Today we do a strange thing.Today we celebrate our Savior's departure from earth.
He became man and was born on Christmas. For thirty years he lived a hidden life in Nazareth, sharing the mundane struggles experienced by every working family.
For three years he travelled around Israel preaching the gospel, performing miracles, and training his Twelve Apostles. Then, when that work was finished, he redeemed fallen humanity: he reversed the tragedy of Original Sin through his sacrificial passion and death.
Finally, to guarantee the trustworthiness of his teaching and his sacrifice, he rose from the dead and appeared to his followers multiple times.
But forty days later, which corresponds to today, with his disciples and Apostles gathered around him on the mountaintop, Jesus mysteriously ascended back into heaven, back to his Father's side, back to where he had come from at the moment of the incarnation.
And today we celebrate that.
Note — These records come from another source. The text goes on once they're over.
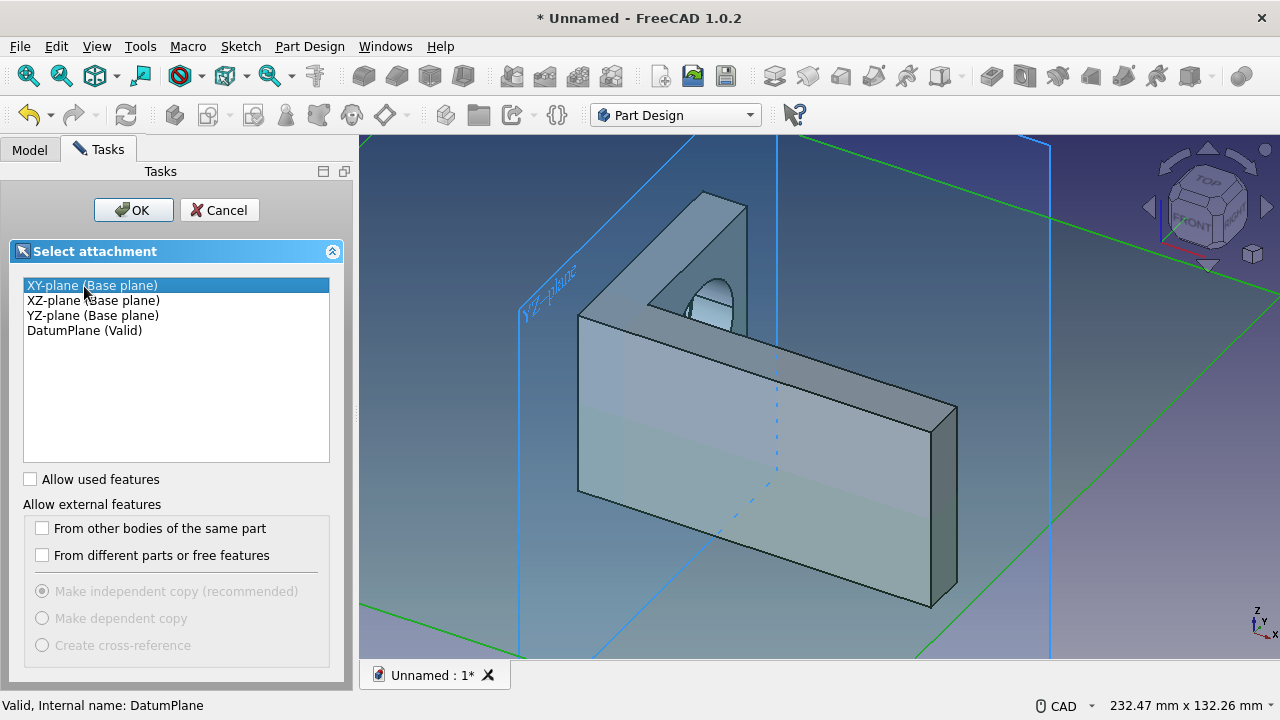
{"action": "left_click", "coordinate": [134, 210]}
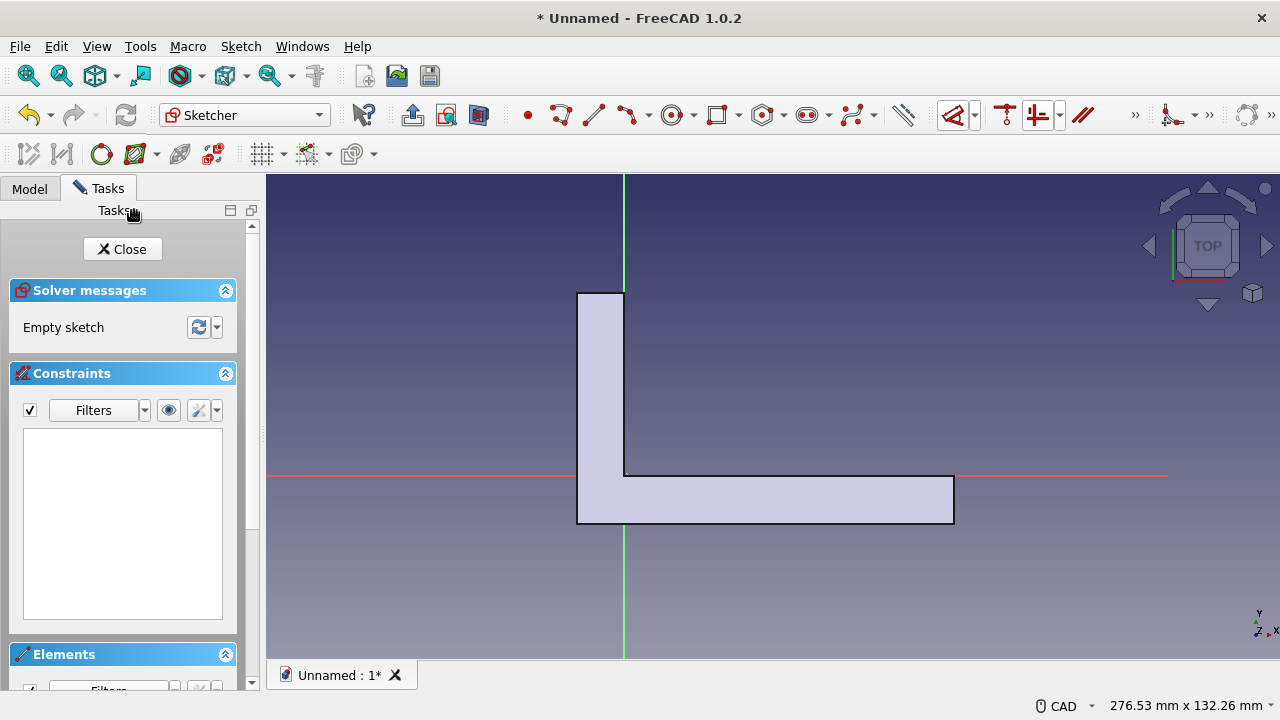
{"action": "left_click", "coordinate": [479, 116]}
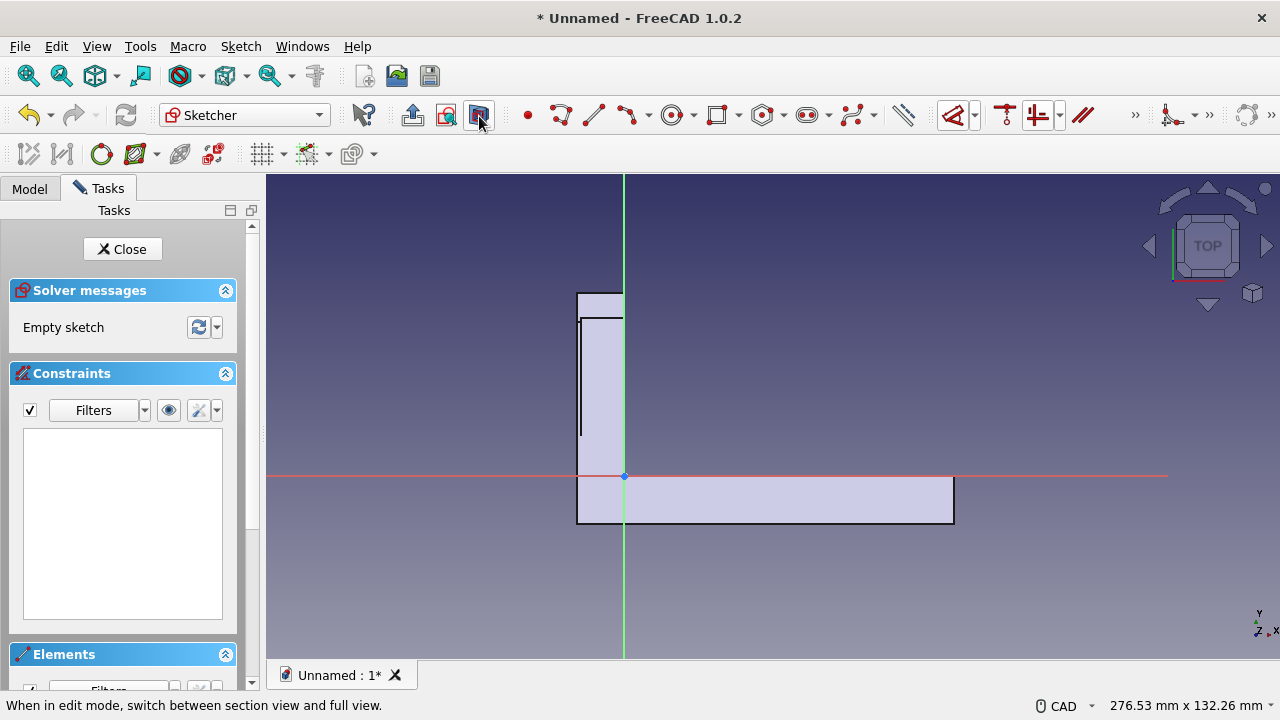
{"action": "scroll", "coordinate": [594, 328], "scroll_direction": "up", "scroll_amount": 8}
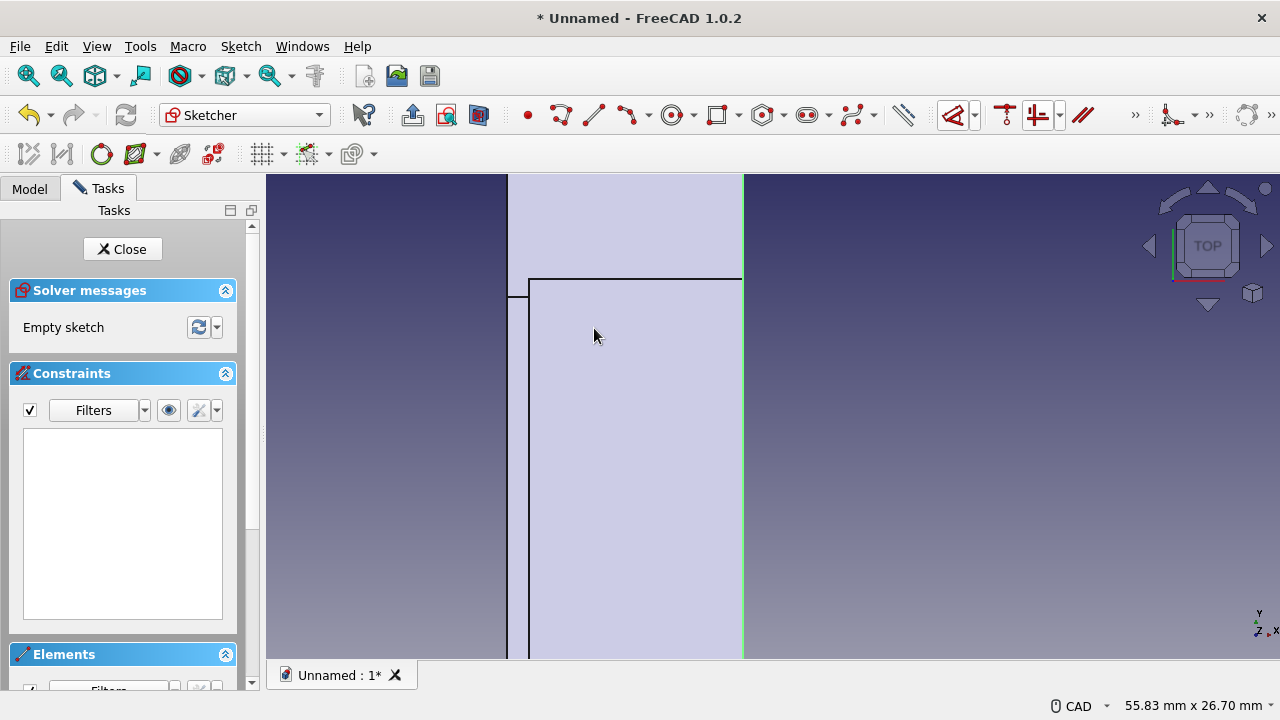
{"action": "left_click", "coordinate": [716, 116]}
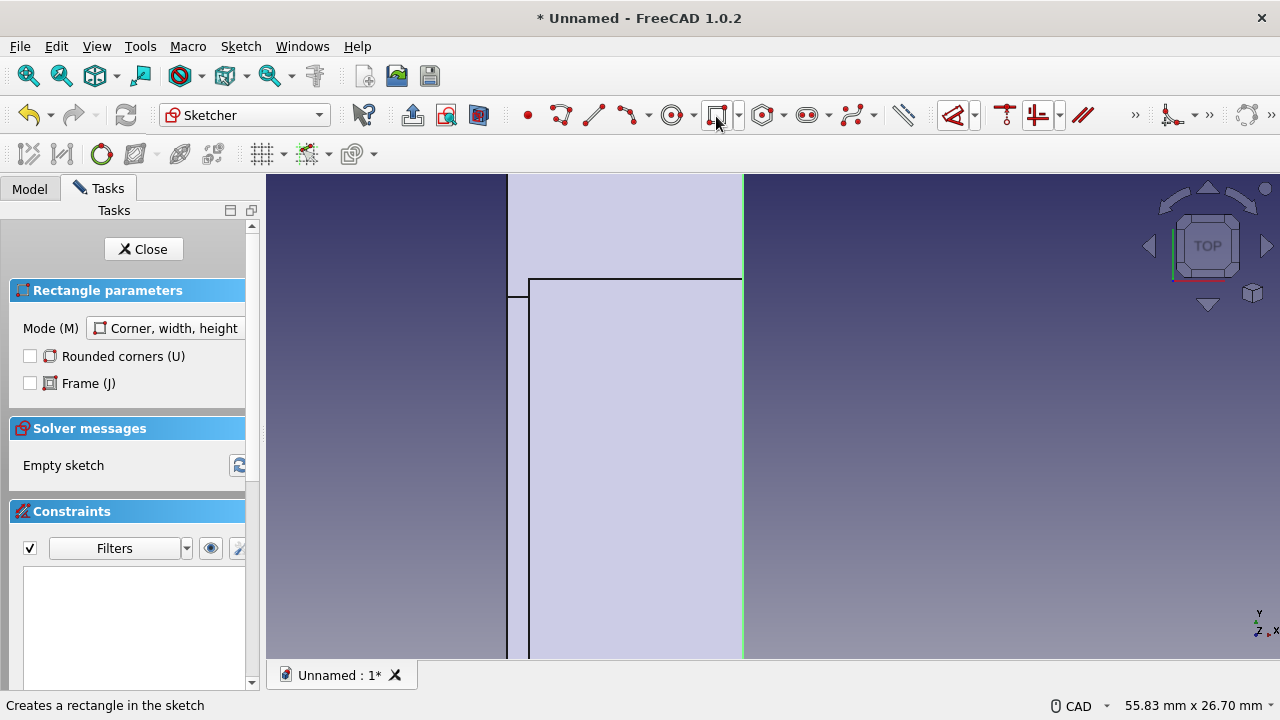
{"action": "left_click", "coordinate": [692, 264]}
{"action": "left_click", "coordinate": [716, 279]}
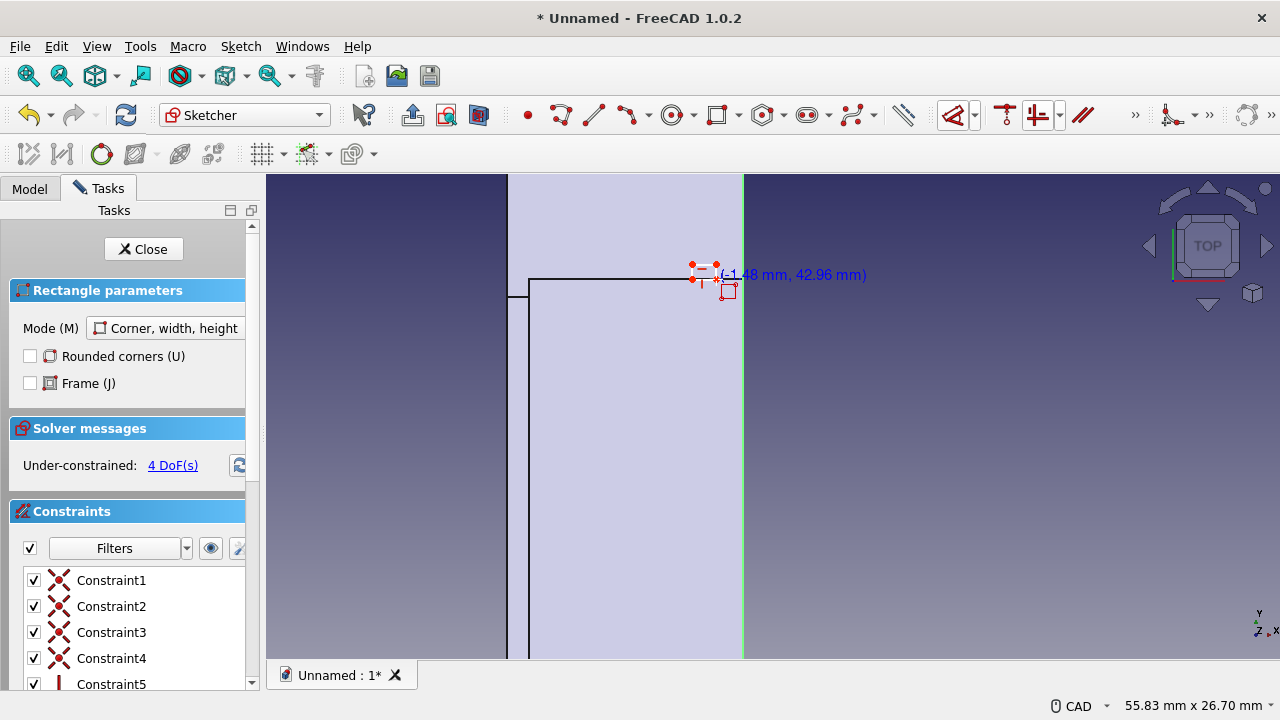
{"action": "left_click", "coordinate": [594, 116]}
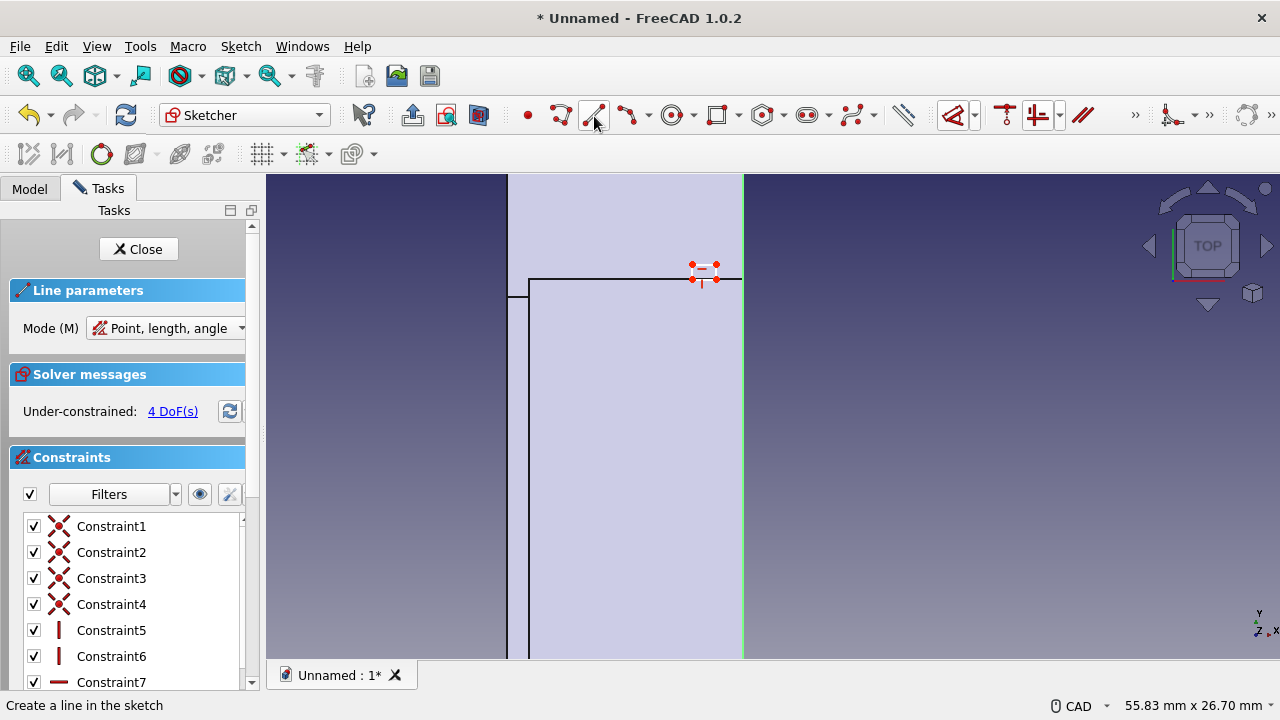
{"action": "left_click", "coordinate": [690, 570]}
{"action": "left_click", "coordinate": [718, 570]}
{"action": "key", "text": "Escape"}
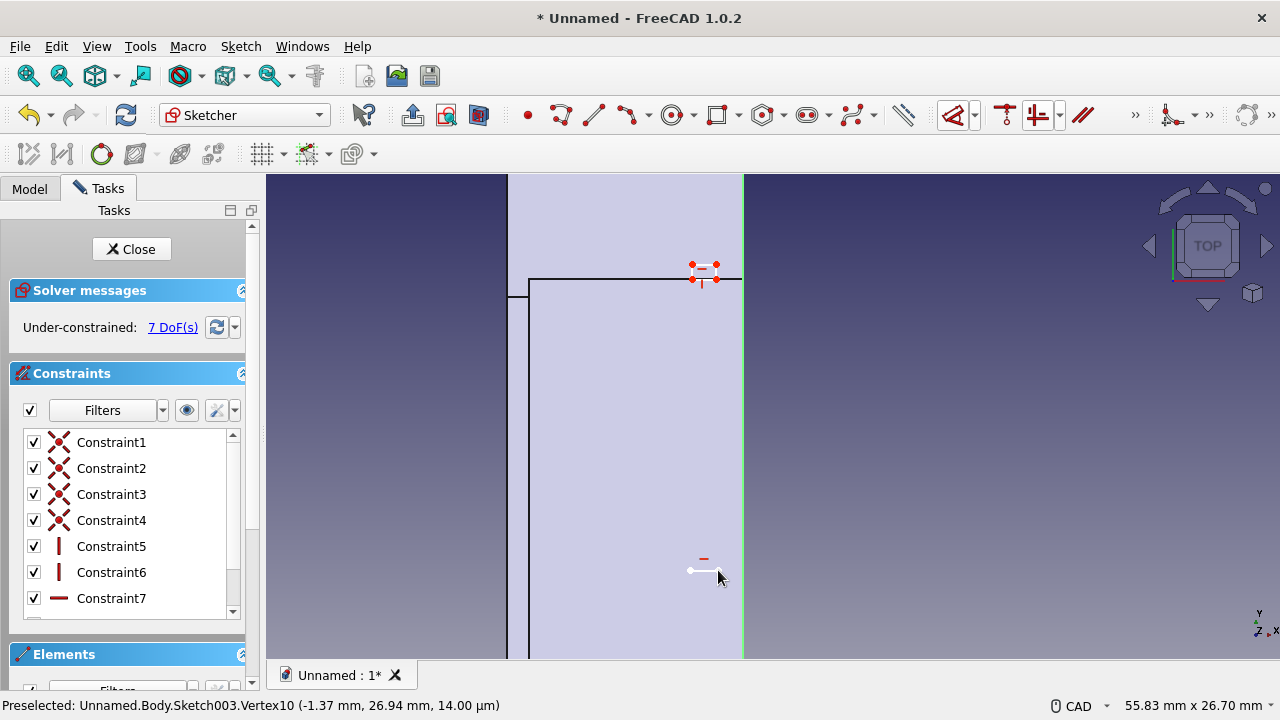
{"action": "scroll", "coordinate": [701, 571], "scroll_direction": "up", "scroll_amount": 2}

But shouldn't we mourn it instead? Shouldn't we regret and be sad that he is no longer among us? Doesn't it seem that he has abandoned us?
Not at all.
In today's Preface (the prayer the priest prays at the start of the Eucharistic prayer) the Church tells us why: "Christ... has passed beyond our sight, not to abandon us but to be our hope. "Christ is the beginning, the head of the Church; where he has gone, we hope to follow."
If Jesus had not ascended into heaven, body and soul, humanity and divinity, we would not be able to hope for heaven ourselves.
The ascension is the direct source of our hope. It means that we are never alone.